To do
Leave the pictures out and reproduce, exactly, the lines from the one with "Answer in this" through the end of the entries below.

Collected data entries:
---------------
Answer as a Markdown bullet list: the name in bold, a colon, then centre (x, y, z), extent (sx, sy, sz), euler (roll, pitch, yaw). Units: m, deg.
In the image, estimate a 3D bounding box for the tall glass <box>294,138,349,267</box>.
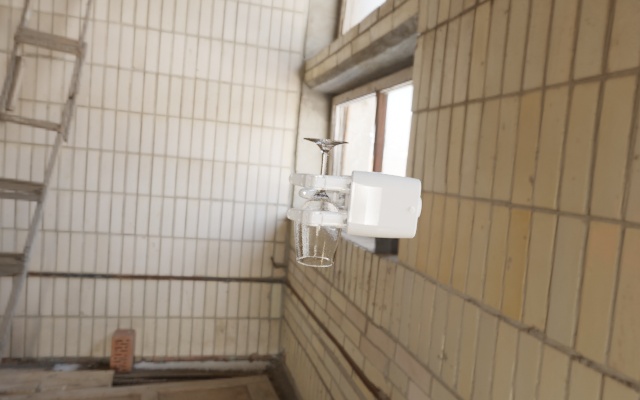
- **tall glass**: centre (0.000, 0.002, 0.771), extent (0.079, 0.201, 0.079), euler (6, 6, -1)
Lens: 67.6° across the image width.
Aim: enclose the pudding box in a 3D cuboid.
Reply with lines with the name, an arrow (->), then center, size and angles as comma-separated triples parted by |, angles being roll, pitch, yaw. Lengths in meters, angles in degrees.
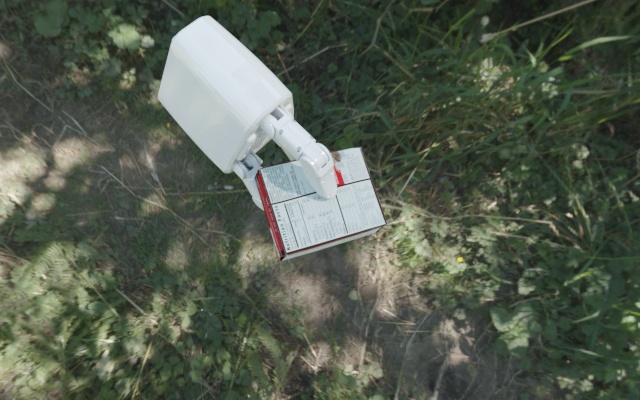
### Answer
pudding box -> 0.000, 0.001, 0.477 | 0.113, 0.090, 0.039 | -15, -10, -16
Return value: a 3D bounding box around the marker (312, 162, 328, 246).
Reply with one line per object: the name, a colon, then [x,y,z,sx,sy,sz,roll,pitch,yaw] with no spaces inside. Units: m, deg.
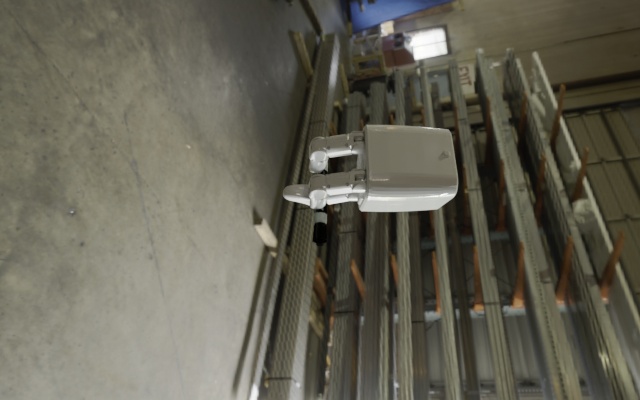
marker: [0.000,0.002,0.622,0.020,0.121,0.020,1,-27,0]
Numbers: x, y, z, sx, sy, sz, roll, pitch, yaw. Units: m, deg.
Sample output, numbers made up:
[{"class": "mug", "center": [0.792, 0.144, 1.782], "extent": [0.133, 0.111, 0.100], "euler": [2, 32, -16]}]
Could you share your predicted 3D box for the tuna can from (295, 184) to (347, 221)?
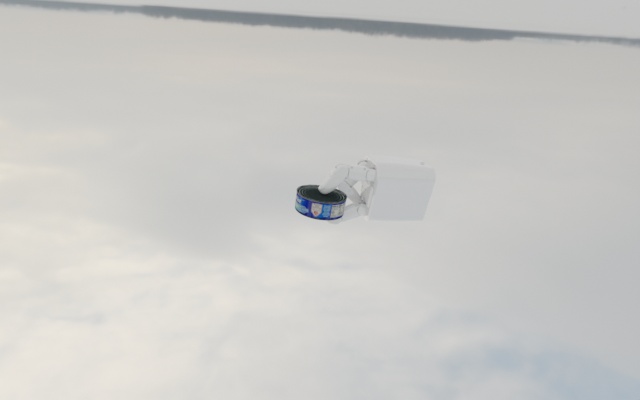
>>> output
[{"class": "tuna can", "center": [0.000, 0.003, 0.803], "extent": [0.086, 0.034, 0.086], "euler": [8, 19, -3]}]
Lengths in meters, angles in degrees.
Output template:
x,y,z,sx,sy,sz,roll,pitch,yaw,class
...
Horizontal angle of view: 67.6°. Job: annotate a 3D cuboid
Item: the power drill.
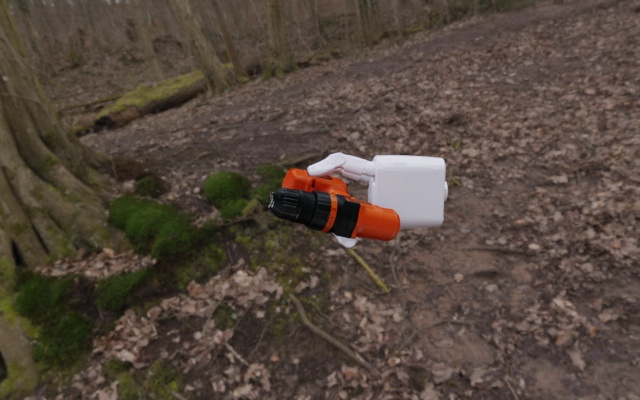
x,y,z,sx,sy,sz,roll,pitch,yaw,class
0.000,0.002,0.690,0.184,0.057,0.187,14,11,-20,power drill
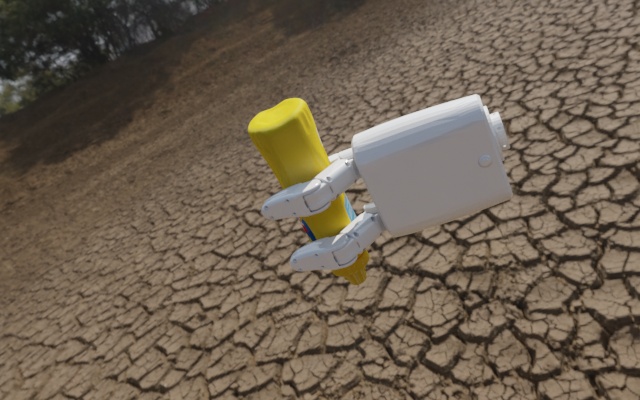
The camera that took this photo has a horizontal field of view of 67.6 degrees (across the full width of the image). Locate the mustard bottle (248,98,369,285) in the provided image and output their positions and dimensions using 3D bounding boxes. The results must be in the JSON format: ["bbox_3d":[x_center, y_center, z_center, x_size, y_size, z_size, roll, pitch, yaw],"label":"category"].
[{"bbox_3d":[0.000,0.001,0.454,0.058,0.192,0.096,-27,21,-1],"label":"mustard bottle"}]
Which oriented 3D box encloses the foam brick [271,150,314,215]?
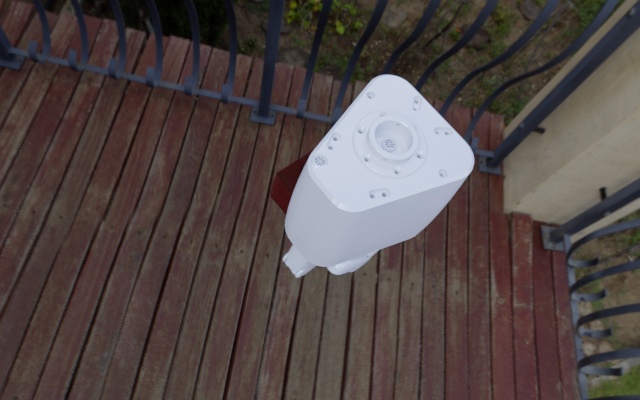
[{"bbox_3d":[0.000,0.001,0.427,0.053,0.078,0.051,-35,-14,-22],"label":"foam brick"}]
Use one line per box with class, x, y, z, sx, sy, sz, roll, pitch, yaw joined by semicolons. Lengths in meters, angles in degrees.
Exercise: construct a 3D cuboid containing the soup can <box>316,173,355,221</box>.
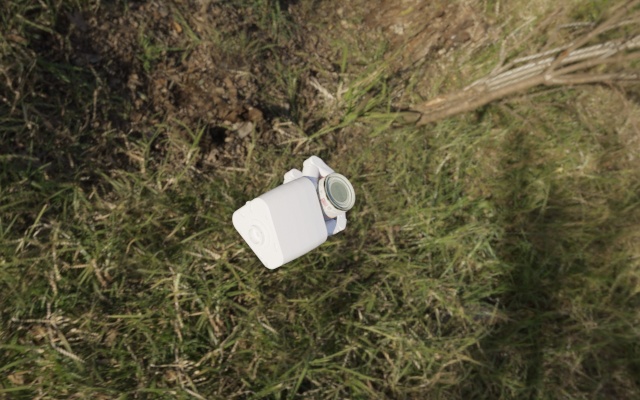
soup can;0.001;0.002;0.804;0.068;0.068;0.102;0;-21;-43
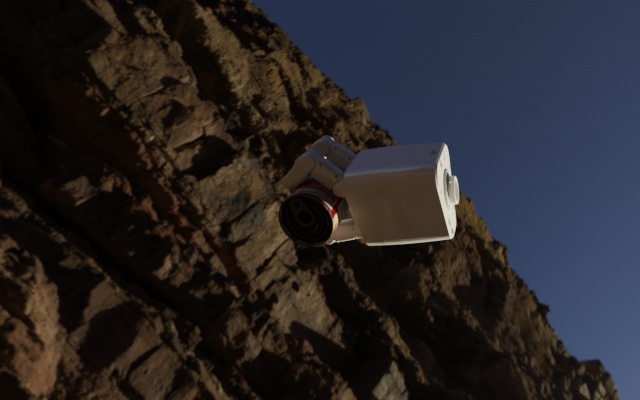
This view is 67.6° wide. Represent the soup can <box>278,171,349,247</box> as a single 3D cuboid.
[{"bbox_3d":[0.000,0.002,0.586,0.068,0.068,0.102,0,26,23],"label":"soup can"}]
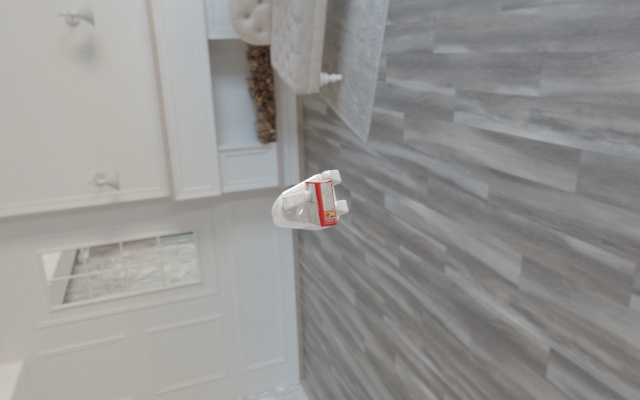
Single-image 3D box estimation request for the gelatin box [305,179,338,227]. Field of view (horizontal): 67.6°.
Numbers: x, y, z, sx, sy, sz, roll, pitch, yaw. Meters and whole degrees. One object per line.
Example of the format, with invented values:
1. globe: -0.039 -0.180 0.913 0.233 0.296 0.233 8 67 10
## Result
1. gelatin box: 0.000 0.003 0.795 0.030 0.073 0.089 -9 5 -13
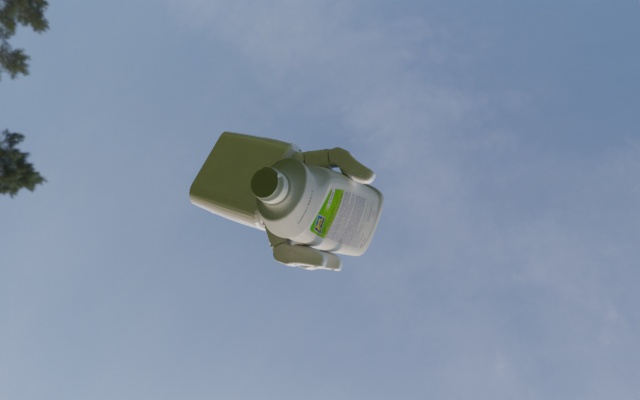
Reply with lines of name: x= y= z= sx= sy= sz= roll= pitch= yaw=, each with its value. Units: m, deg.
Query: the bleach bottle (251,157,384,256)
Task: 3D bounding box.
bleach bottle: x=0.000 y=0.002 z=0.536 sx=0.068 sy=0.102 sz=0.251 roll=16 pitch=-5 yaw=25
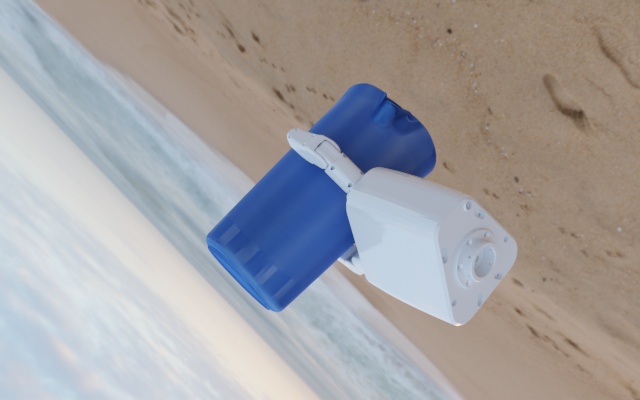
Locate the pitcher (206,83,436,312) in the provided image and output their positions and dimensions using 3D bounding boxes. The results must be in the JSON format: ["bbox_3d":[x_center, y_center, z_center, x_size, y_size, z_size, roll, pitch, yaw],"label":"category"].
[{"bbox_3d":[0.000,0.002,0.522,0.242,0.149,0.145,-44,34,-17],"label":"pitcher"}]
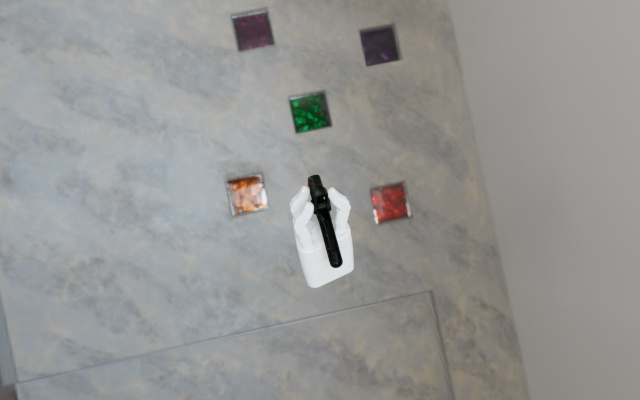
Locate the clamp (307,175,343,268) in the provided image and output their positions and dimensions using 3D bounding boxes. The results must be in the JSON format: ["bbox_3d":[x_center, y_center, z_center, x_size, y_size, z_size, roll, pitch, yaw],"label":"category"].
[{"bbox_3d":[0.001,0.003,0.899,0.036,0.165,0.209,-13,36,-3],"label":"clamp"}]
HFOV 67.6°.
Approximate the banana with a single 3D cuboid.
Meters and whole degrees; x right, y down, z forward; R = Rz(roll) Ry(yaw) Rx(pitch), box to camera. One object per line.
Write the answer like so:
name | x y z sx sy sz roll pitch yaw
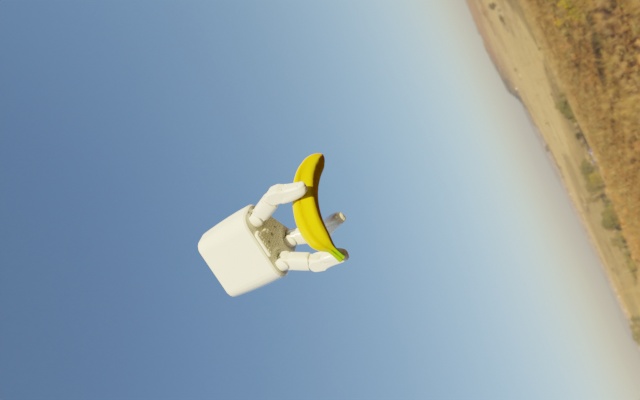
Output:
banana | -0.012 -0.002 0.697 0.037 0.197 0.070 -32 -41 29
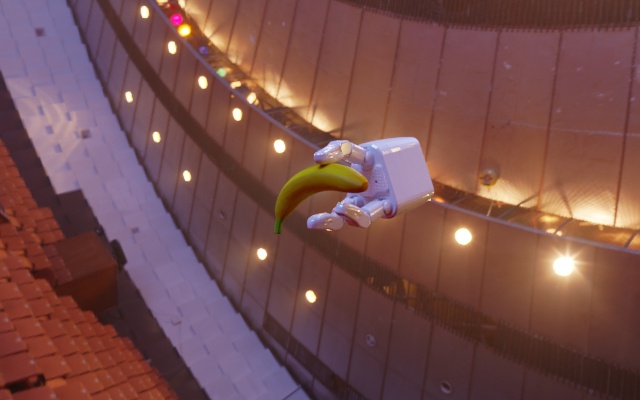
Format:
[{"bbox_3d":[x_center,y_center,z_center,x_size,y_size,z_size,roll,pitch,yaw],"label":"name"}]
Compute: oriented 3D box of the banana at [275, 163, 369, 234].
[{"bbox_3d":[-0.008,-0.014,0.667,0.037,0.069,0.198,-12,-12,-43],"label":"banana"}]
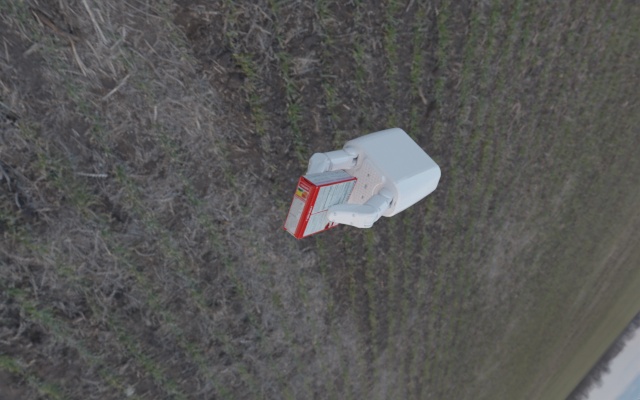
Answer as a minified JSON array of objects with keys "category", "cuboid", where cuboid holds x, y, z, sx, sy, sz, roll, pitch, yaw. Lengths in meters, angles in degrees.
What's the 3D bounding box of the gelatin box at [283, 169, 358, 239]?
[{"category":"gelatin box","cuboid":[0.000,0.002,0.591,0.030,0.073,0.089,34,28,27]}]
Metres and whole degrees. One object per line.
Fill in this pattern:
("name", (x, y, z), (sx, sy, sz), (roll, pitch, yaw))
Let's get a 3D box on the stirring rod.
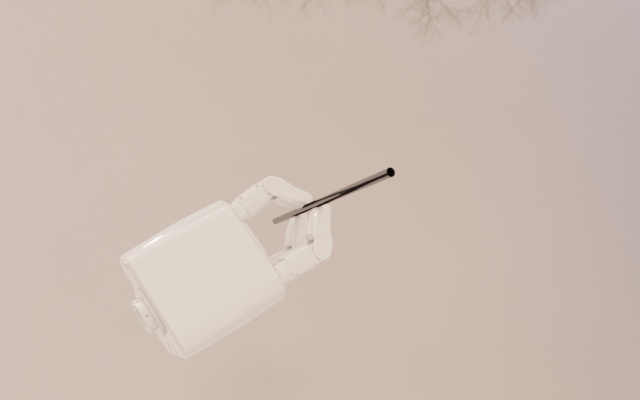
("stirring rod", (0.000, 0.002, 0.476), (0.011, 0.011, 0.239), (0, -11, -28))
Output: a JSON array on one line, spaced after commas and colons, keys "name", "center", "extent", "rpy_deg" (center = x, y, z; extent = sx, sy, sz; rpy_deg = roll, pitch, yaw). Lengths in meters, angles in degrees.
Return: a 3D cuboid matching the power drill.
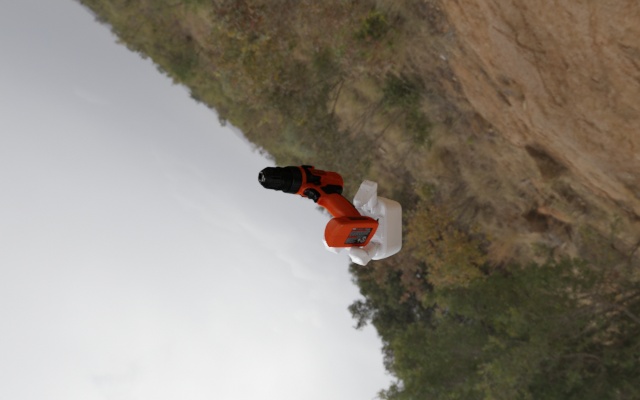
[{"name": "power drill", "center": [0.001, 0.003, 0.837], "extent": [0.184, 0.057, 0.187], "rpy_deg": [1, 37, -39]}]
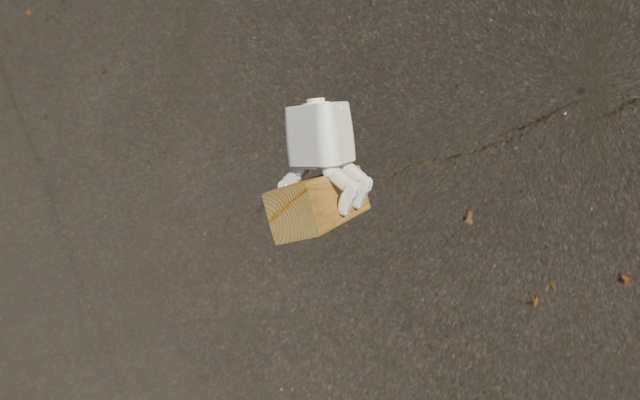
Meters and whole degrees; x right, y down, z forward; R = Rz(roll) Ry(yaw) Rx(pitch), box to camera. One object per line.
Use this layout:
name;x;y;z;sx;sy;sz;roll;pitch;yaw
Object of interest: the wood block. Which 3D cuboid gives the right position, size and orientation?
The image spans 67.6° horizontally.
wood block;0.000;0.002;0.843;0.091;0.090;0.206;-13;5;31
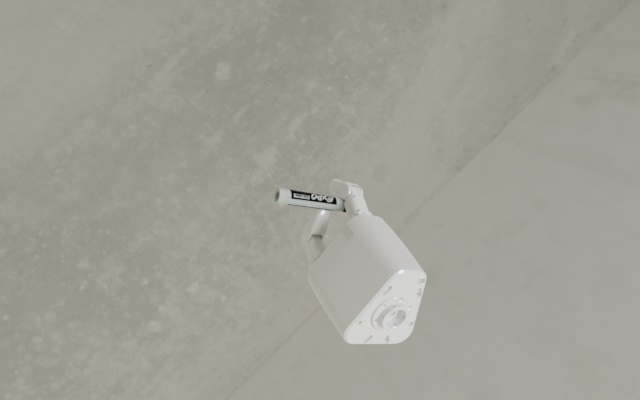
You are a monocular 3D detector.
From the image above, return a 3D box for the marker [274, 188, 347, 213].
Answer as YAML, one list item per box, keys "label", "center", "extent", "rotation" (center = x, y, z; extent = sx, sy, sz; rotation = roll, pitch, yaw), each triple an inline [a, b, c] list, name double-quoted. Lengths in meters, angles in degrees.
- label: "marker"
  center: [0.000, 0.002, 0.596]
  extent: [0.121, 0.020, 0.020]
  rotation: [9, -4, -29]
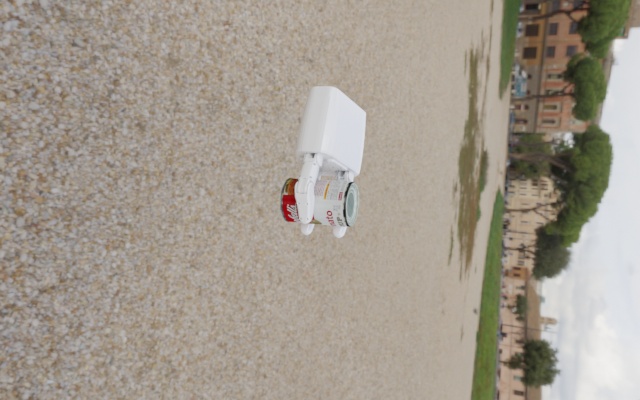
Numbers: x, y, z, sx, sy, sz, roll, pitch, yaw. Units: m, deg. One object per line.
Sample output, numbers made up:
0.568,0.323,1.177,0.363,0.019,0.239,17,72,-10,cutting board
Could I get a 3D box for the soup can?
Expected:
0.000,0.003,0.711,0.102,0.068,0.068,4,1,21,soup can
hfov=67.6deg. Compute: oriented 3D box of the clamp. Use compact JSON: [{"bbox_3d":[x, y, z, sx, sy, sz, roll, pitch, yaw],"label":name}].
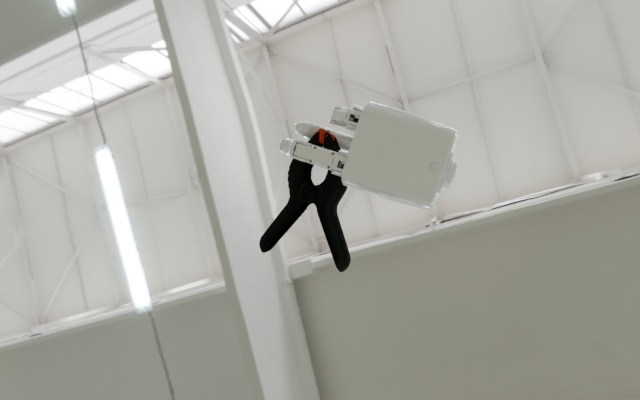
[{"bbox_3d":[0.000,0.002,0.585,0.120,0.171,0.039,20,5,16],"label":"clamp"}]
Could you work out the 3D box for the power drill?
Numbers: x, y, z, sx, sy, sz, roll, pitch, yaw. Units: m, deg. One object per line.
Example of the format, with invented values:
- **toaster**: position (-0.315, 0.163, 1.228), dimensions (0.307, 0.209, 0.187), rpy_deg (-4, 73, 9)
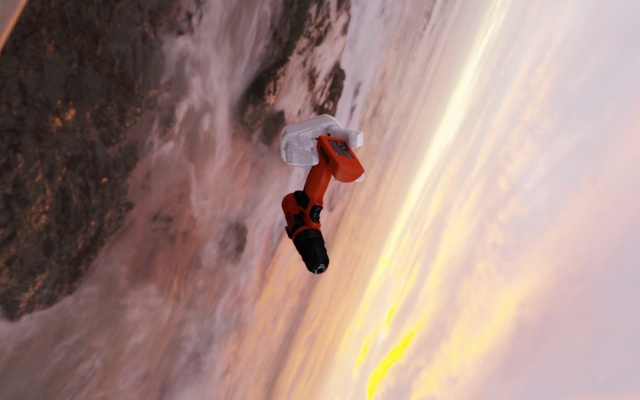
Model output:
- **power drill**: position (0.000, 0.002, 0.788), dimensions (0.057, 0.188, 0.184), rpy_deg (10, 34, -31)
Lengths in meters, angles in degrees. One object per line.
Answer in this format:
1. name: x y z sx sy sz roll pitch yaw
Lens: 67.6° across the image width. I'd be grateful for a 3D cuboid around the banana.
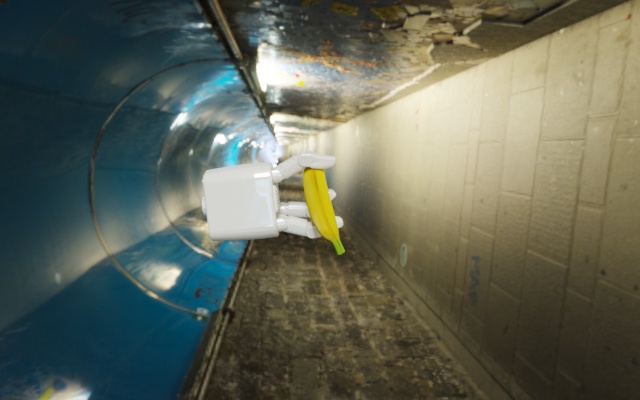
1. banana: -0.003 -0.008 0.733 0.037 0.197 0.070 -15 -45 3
---------------
Written reply
Answer in this format:
1. name: x y z sx sy sz roll pitch yaw
Lens: 67.6° across the image width. I'd be grateful for a 3D cuboid around the banana.
1. banana: -0.003 -0.008 0.733 0.037 0.197 0.070 -15 -45 3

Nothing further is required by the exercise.